The GMIAnalyst report I reviewed gave American Express an overall grade of ‘D.’ According to the report:

  •  Unvested equity awards partially or fully accelerate upon the CEO’s termination, characteristic of 82.5% of companies in the home market. Accelerated equity vesting allows executives to realize pay opportunities without necessarily having earned them through strong performance.
  • The company has not disclosed specific, quantifiable performance target objectives for the CEO. While a majority (83.9%) of companies in the home market have not disclosed these targets, disclosure of performance metrics is essential for investors to assess the rigor of incentive programs.

Pay of almost $22M for mediocre performance, combined with the above issues, led me to vote against the pay package.

American Express Board of Directors and Board Proposals 

Generally, when I vote against the pay package I also vote against the compensation committee, since they recommend the pay package to the full board.

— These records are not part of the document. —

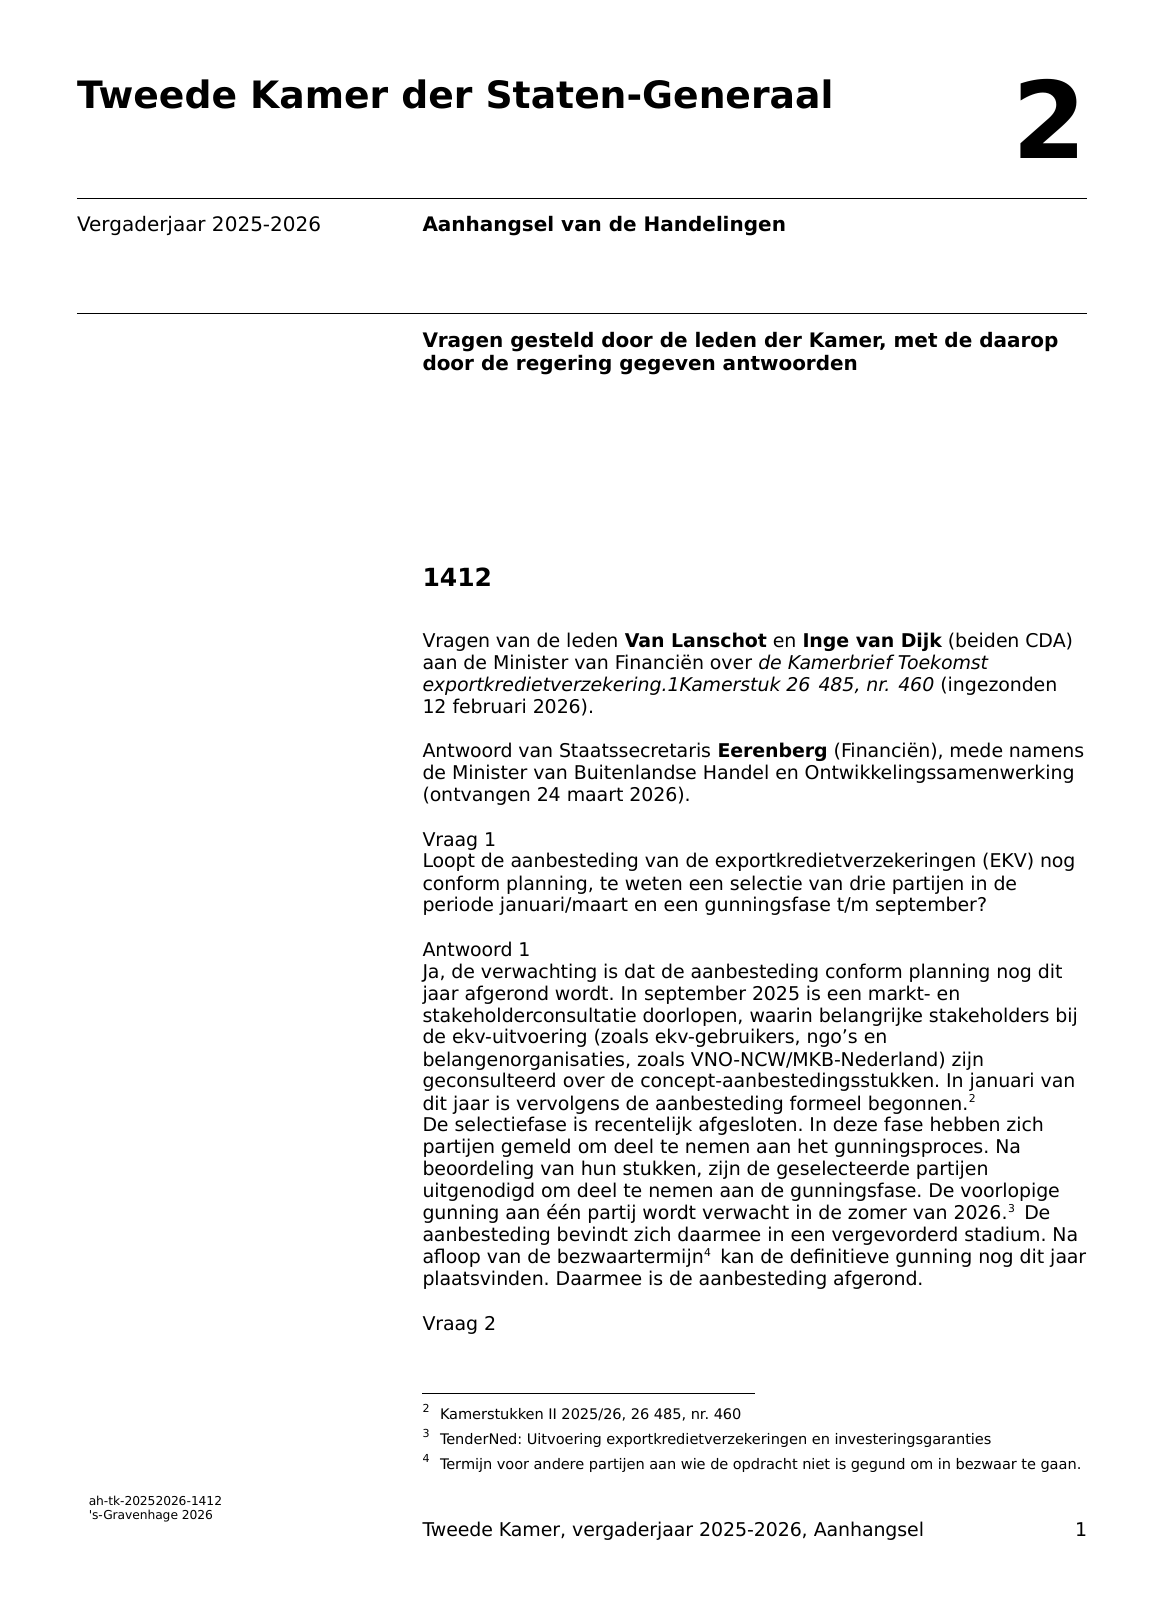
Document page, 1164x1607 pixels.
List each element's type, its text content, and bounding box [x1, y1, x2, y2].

text Vraag 1 [422, 828, 1087, 850]
text Loopt de aanbesteding van de exportkredietverzekeringen (EKV) nog conform planning, te weten een selectie van drie partijen in de periode januari/maart en een gunningsfase t/m september? [422, 850, 1087, 916]
text Vragen van de leden Van Lanschot en Inge van Dijk (beiden CDA) aan de Minister van Financiën over de Kamerbrief Toekomst exportkredietverzekering.1Kamerstuk 26 485, nr. 460 (ingezonden 12 februari 2026). [422, 630, 1087, 718]
text De selectiefase is recentelijk afgesloten. In deze fase hebben zich partijen gemeld om deel te nemen aan het gunningsproces. Na beoordeling van hun stukken, zijn de geselecteerde partijen uitgenodigd om deel te nemen aan de gunningsfase. De voorlopige gunning aan één partij wordt verwacht in de zomer van 2026. De aanbesteding bevindt zich daarmee in een vergevorderd stadium. Na afloop van de bezwaartermijn kan de definitieve gunning nog dit jaar plaatsvinden. Daarmee is de aanbesteding afgerond. [422, 1114, 1087, 1290]
text Antwoord van Staatssecretaris Eerenberg (Financiën), mede namens de Minister van Buitenlandse Handel en Ontwikkelingssamenwerking (ontvangen 24 maart 2026). [422, 740, 1087, 806]
table_header Tweede Kamer der Staten-Generaal [77, 59, 886, 198]
table_cell Aanhangsel van de Handelingen [422, 199, 1087, 313]
table_header 2 [886, 59, 1087, 198]
text TenderNed: Uitvoering exportkredietverzekeringen en investeringsgaranties [422, 1427, 1087, 1449]
text Ja, de verwachting is dat de aanbesteding conform planning nog dit jaar afgerond wordt. In september 2025 is een markt- en stakeholderconsultatie doorlopen, waarin belangrijke stakeholders bij de ekv-uitvoering (zoals ekv-gebruikers, ngo’s en belangenorganisaties, zoals VNO-NCW/MKB-Nederland) zijn geconsulteerd over de concept-aanbestedingsstukken. In januari van dit jaar is vervolgens de aanbesteding formeel begonnen. [422, 961, 1087, 1114]
text 's-Gravenhage 2026 [88, 1508, 323, 1522]
text Vraag 2 [422, 1312, 1087, 1334]
text ah-tk-20252026-1412 [88, 1494, 323, 1508]
text 1412 [422, 563, 1087, 592]
table_cell Vergaderjaar 2025-2026 [77, 199, 422, 313]
text Kamerstukken II 2025/26, 26 485, nr. 460 [422, 1402, 1087, 1424]
table_cell Vragen gesteld door de leden der Kamer, met de daarop door de regering gegeven antwoorden [422, 314, 1087, 375]
table_cell [77, 314, 422, 375]
text Termijn voor andere partijen aan wie de opdracht niet is gegund om in bezwaar te gaan. [422, 1452, 1087, 1474]
text Antwoord 1 [422, 938, 1087, 961]
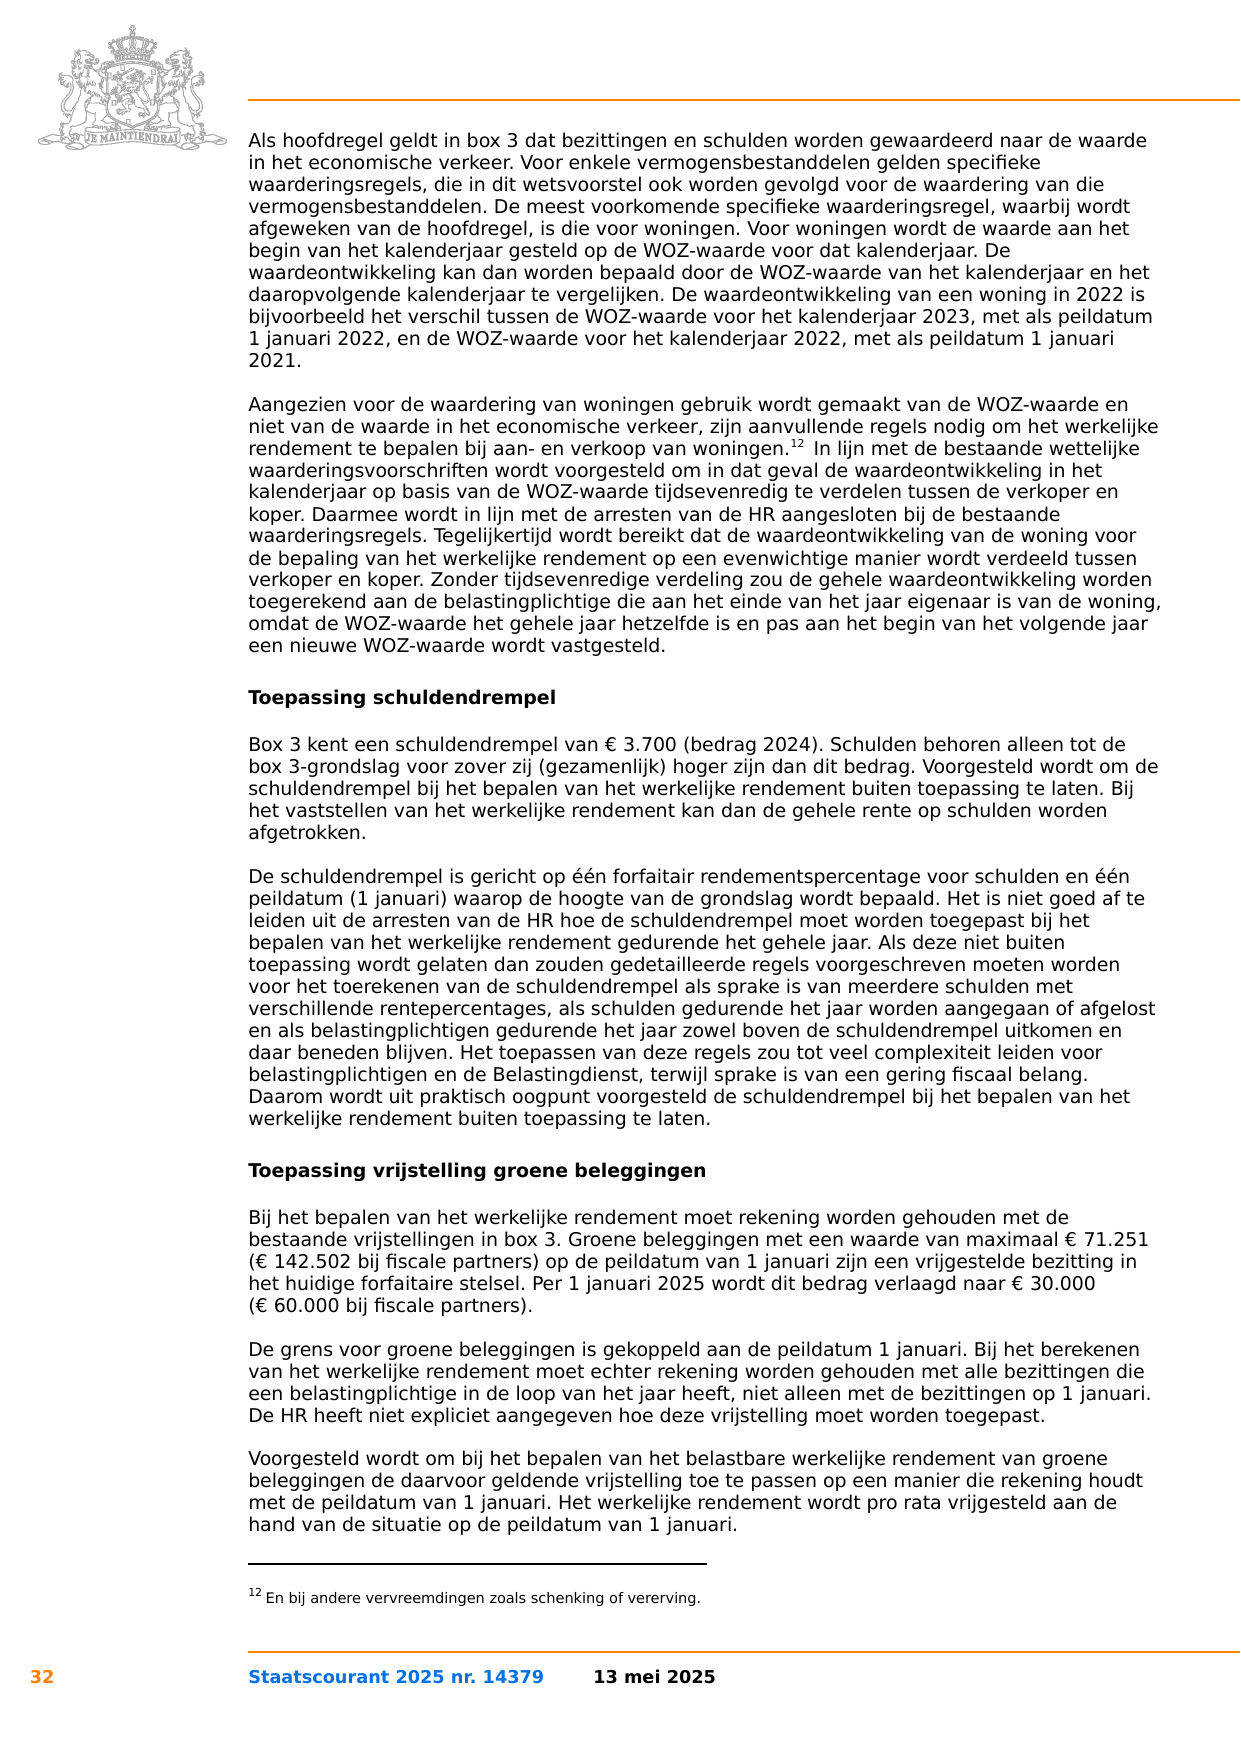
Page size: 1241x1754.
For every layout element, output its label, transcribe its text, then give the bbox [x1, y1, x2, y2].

text De schuldendrempel is gericht op één forfaitair rendementspercentage voor schulden en één peildatum (1 januari) waarop de hoogte van de grondslag wordt bepaald. Het is niet goed af te leiden uit de arresten van de HR hoe de schuldendrempel moet worden toegepast bij het bepalen van het werkelijke rendement gedurende het gehele jaar. Als deze niet buiten toepassing wordt gelaten dan zouden gedetailleerde regels voorgeschreven moeten worden voor het toerekenen van de schuldendrempel als sprake is van meerdere schulden met verschillende rentepercentages, als schulden gedurende het jaar worden aangegaan of afgelost en als belastingplichtigen gedurende het jaar zowel boven de schuldendrempel uitkomen en daar beneden blijven. Het toepassen van deze regels zou tot veel complexiteit leiden voor belastingplichtigen en de Belastingdienst, terwijl sprake is van een gering fiscaal belang. Daarom wordt uit praktisch oogpunt voorgesteld de schuldendrempel bij het bepalen van het werkelijke rendement buiten toepassing te laten. [248, 866, 1163, 1130]
text Aangezien voor de waardering van woningen gebruik wordt gemaakt van de WOZ-waarde en niet van de waarde in het economische verkeer, zijn aanvullende regels nodig om het werkelijke rendement te bepalen bij aan- en verkoop van woningen. In lijn met de bestaande wettelijke waarderingsvoorschriften wordt voorgesteld om in dat geval de waardeontwikkeling in het kalenderjaar op basis van de WOZ-waarde tijdsevenredig te verdelen tussen de verkoper en koper. Daarmee wordt in lijn met de arresten van de HR aangesloten bij de bestaande waarderingsregels. Tegelijkertijd wordt bereikt dat de waardeontwikkeling van de woning voor de bepaling van het werkelijke rendement op een evenwichtige manier wordt verdeeld tussen verkoper en koper. Zonder tijdsevenredige verdeling zou de gehele waardeontwikkeling worden toegerekend aan de belastingplichtige die aan het einde van het jaar eigenaar is van de woning, omdat de WOZ-waarde het gehele jaar hetzelfde is en pas aan het begin van het volgende jaar een nieuwe WOZ-waarde wordt vastgesteld. [248, 393, 1163, 657]
text En bij andere vervreemdingen zoals schenking of vererving. [248, 1586, 1163, 1608]
picture [38, 25, 227, 150]
subtitle Toepassing vrijstelling groene beleggingen [248, 1160, 1163, 1182]
subtitle Toepassing schuldendrempel [248, 687, 1163, 709]
text Als hoofdregel geldt in box 3 dat bezittingen en schulden worden gewaardeerd naar de waarde in het economische verkeer. Voor enkele vermogensbestanddelen gelden specifieke waarderingsregels, die in dit wetsvoorstel ook worden gevolgd voor de waardering van die vermogensbestanddelen. De meest voorkomende specifieke waarderingsregel, waarbij wordt afgeweken van de hoofdregel, is die voor woningen. Voor woningen wordt de waarde aan het begin van het kalenderjaar gesteld op de WOZ-waarde voor dat kalenderjaar. De waardeontwikkeling kan dan worden bepaald door de WOZ-waarde van het kalenderjaar en het daaropvolgende kalenderjaar te vergelijken. De waardeontwikkeling van een woning in 2022 is bijvoorbeeld het verschil tussen de WOZ-waarde voor het kalenderjaar 2023, met als peildatum 1 januari 2022, en de WOZ-waarde voor het kalenderjaar 2022, met als peildatum 1 januari 2021. [248, 130, 1163, 372]
text Bij het bepalen van het werkelijke rendement moet rekening worden gehouden met de bestaande vrijstellingen in box 3. Groene beleggingen met een waarde van maximaal € 71.251 (€ 142.502 bij fiscale partners) op de peildatum van 1 januari zijn een vrijgestelde bezitting in het huidige forfaitaire stelsel. Per 1 januari 2025 wordt dit bedrag verlaagd naar € 30.000 (€ 60.000 bij fiscale partners). [248, 1207, 1163, 1317]
text Box 3 kent een schuldendrempel van € 3.700 (bedrag 2024). Schulden behoren alleen tot de box 3-grondslag voor zover zij (gezamenlijk) hoger zijn dan dit bedrag. Voorgesteld wordt om de schuldendrempel bij het bepalen van het werkelijke rendement buiten toepassing te laten. Bij het vaststellen van het werkelijke rendement kan dan de gehele rente op schulden worden afgetrokken. [248, 734, 1163, 844]
text Voorgesteld wordt om bij het bepalen van het belastbare werkelijke rendement van groene beleggingen de daarvoor geldende vrijstelling toe te passen op een manier die rekening houdt met de peildatum van 1 januari. Het werkelijke rendement wordt pro rata vrijgesteld aan de hand van de situatie op de peildatum van 1 januari. [248, 1448, 1163, 1536]
text De grens voor groene beleggingen is gekoppeld aan de peildatum 1 januari. Bij het berekenen van het werkelijke rendement moet echter rekening worden gehouden met alle bezittingen die een belastingplichtige in de loop van het jaar heeft, niet alleen met de bezittingen op 1 januari. De HR heeft niet expliciet aangegeven hoe deze vrijstelling moet worden toegepast. [248, 1338, 1163, 1426]
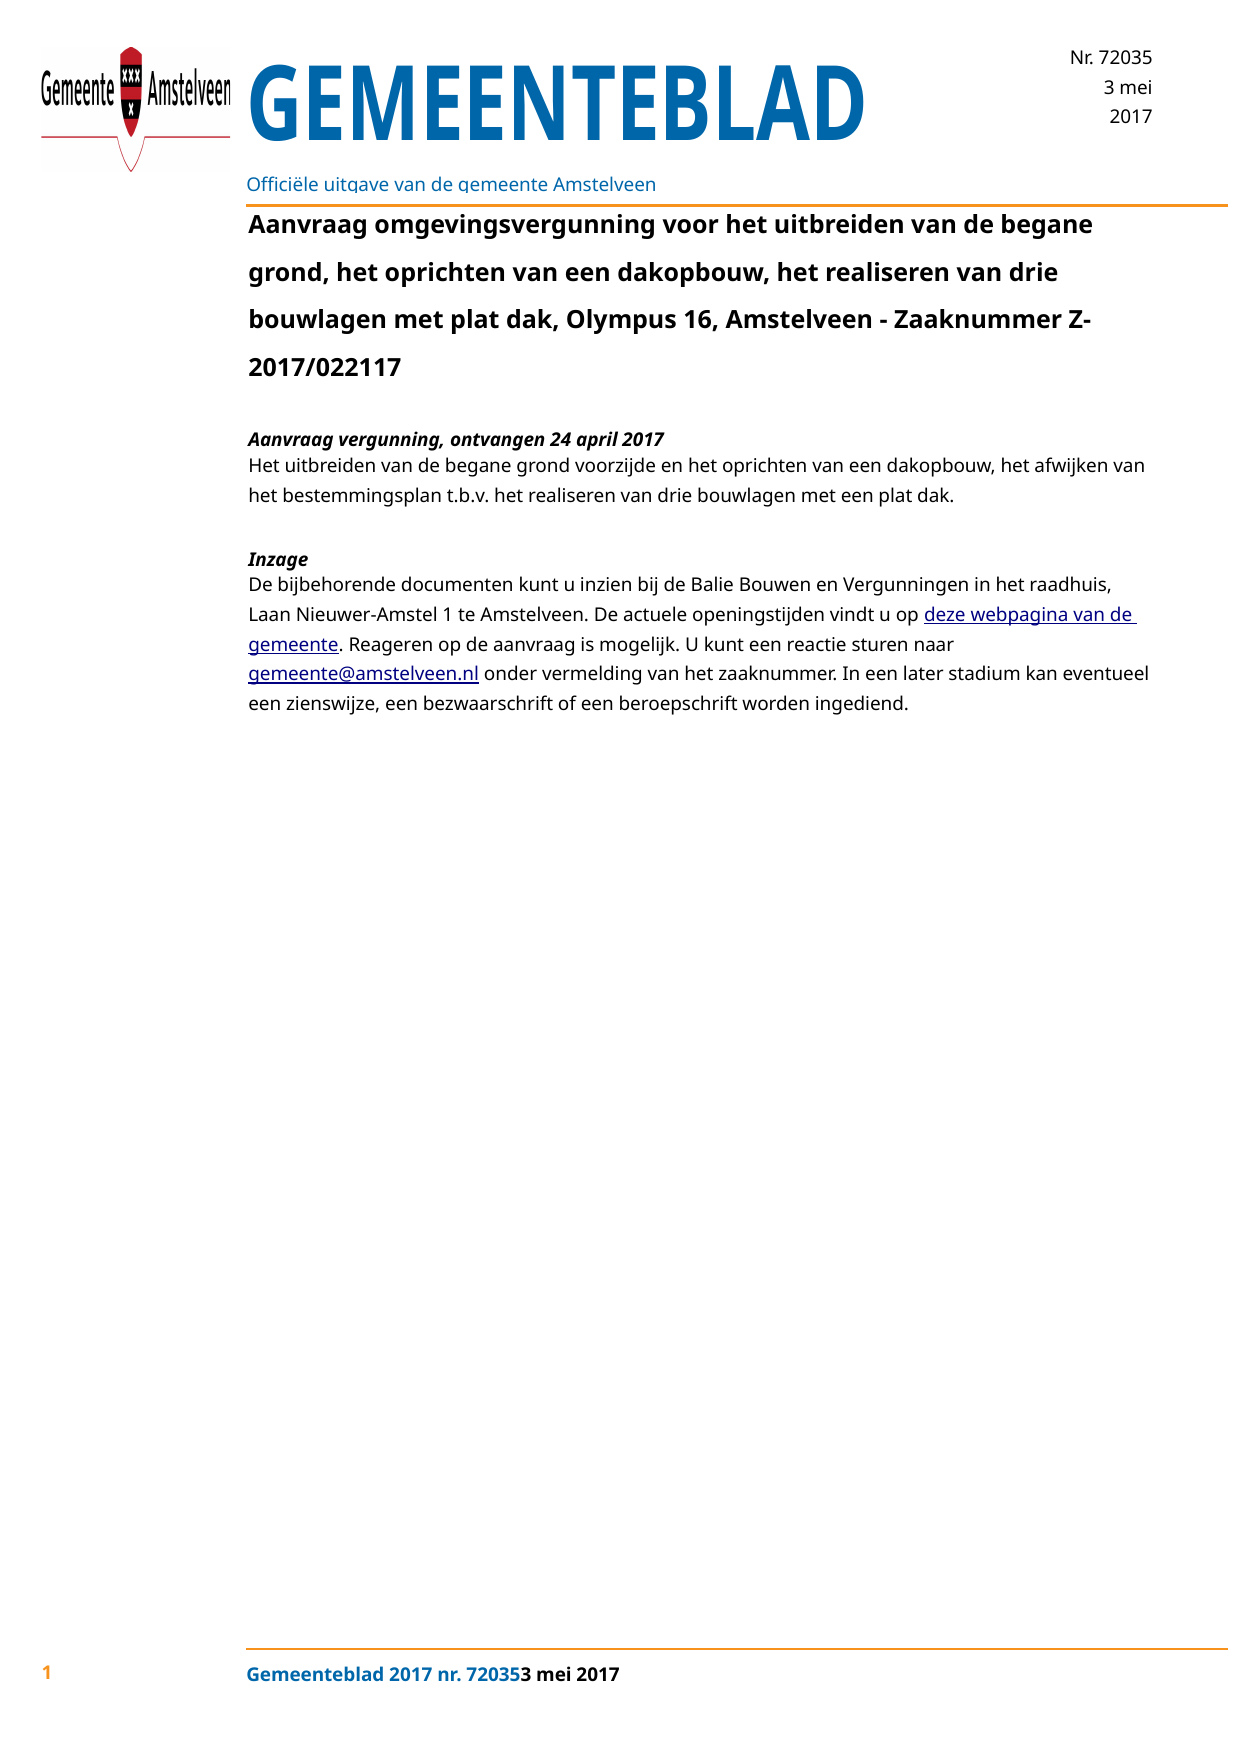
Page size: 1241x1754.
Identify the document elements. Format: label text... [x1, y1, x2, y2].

text Inzage [248, 546, 1152, 572]
text De bijbehorende documenten kunt u inzien bij de Balie Bouwen en Vergunningen in het raadhuis, Laan Nieuwer-Amstel 1 te Amstelveen. De actuele openingstijden vindt u op deze webpagina van de gemeente. Reageren op de aanvraag is mogelijk. U kunt een reactie sturen naar gemeente@amstelveen.nl onder vermelding van het zaaknummer. In een later stadium kan eventueel een zienswijze, een bezwaarschrift of een beroepschrift worden ingediend. [248, 572, 1152, 716]
picture [41, 47, 231, 172]
text Aanvraag vergunning, ontvangen 24 april 2017 [248, 427, 1152, 452]
text Aanvraag omgevingsvergunning voor het uitbreiden van de begane grond, het oprichten van een dakopbouw, het realiseren van drie bouwlagen met plat dak, Olympus 16, Amstelveen - Zaaknummer Z-2017/022117 [248, 207, 1152, 384]
text Het uitbreiden van de begane grond voorzijde en het oprichten van een dakopbouw, het afwijken van het bestemmingsplan t.b.v. het realiseren van drie bouwlagen met een plat dak. [248, 452, 1152, 508]

Therefore, I voted against: Robert D. Walter, Chairman, Ursula M. Burns, Peter Chernin. Samuel J. Palmisano and Ronald A. Williams. There were no other Board proposals other than the vote to affirm the auditor.

American Express Auditor

I voted to ratify American Express’ auditor, PricewaterhouseCoopers LLP, since less than 25 percent of total audit fees paid are attributable to non-audit work.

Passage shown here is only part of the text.